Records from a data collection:
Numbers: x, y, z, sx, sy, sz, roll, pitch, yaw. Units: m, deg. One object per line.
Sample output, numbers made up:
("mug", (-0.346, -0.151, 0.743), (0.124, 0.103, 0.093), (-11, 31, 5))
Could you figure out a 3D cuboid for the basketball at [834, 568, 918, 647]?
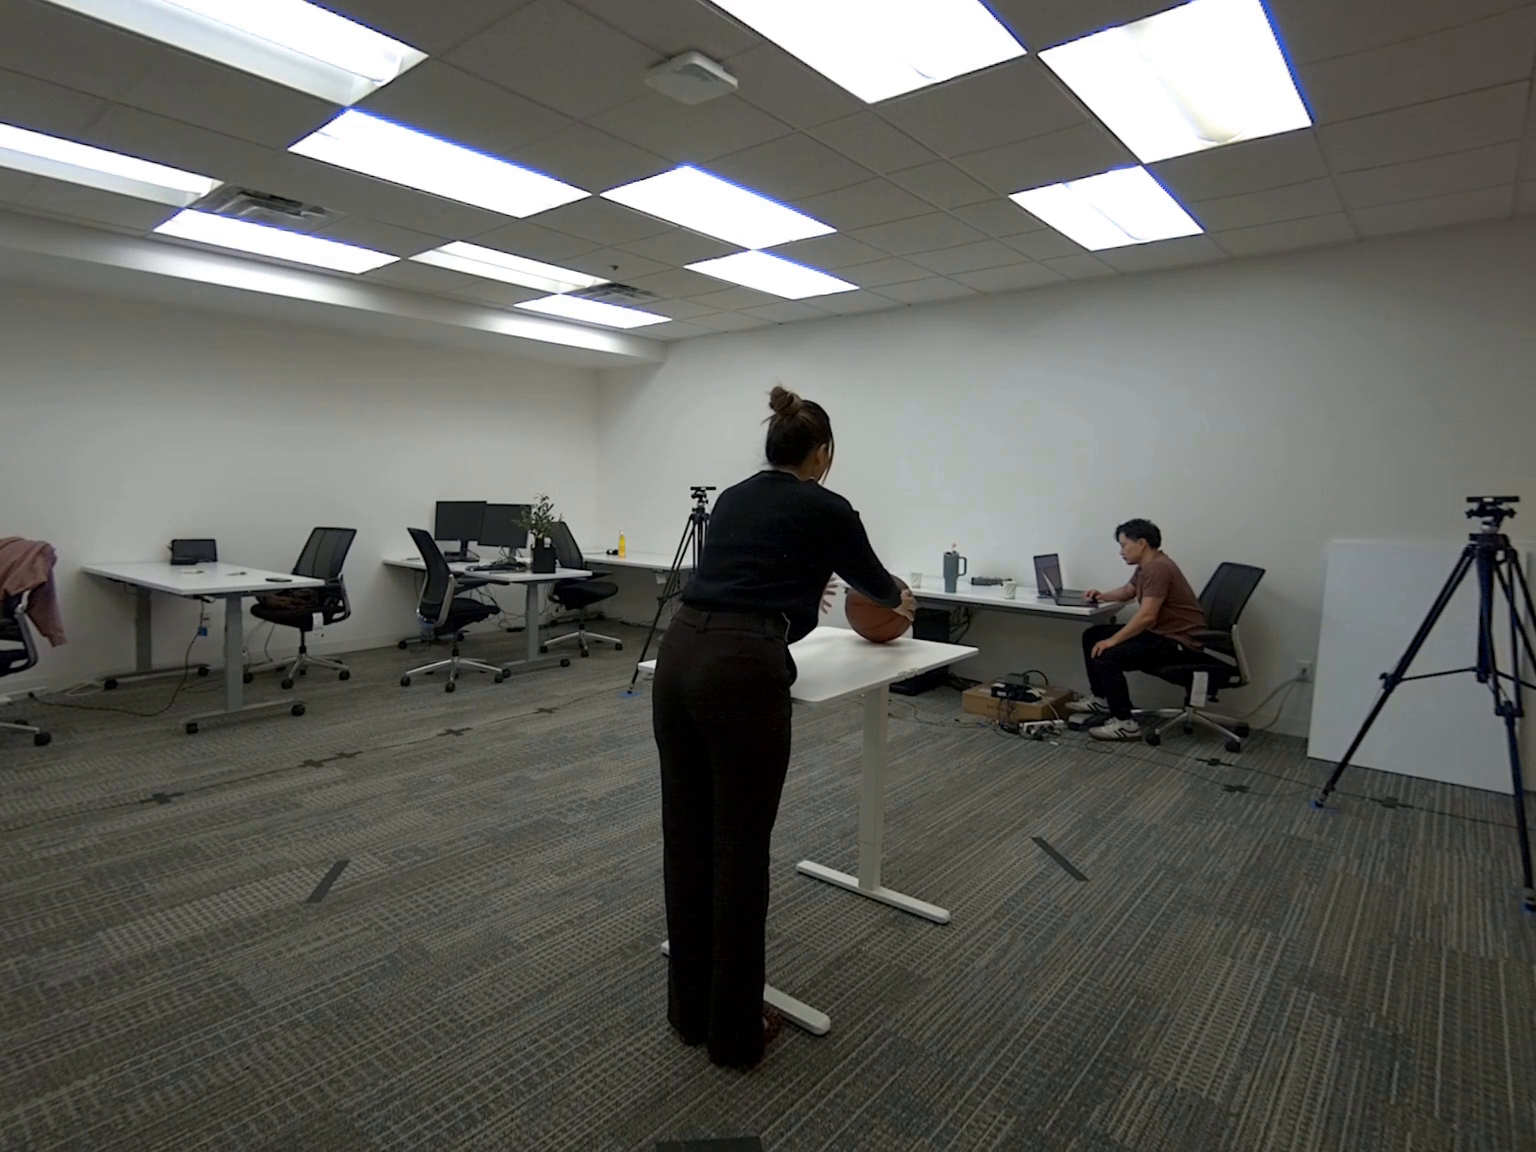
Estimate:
("basketball", (0.364, 0.099, 2.883), (0.235, 0.235, 0.237), (1, 4, -2))

= TASK BRIEF =
Every entry above should come back exactly as written, except for its pictures.

= THE COMPLETED TASK =
Numbers: x, y, z, sx, sy, sz, roll, pitch, yaw. Units: m, deg. One object per line.
Sample output, numbers made up:
("mug", (-0.346, -0.151, 0.743), (0.124, 0.103, 0.093), (-11, 31, 5))
Could you figure out a 3D cuboid for the basketball at [834, 568, 918, 647]?
Estimate:
("basketball", (0.364, 0.099, 2.883), (0.235, 0.235, 0.237), (1, 4, -2))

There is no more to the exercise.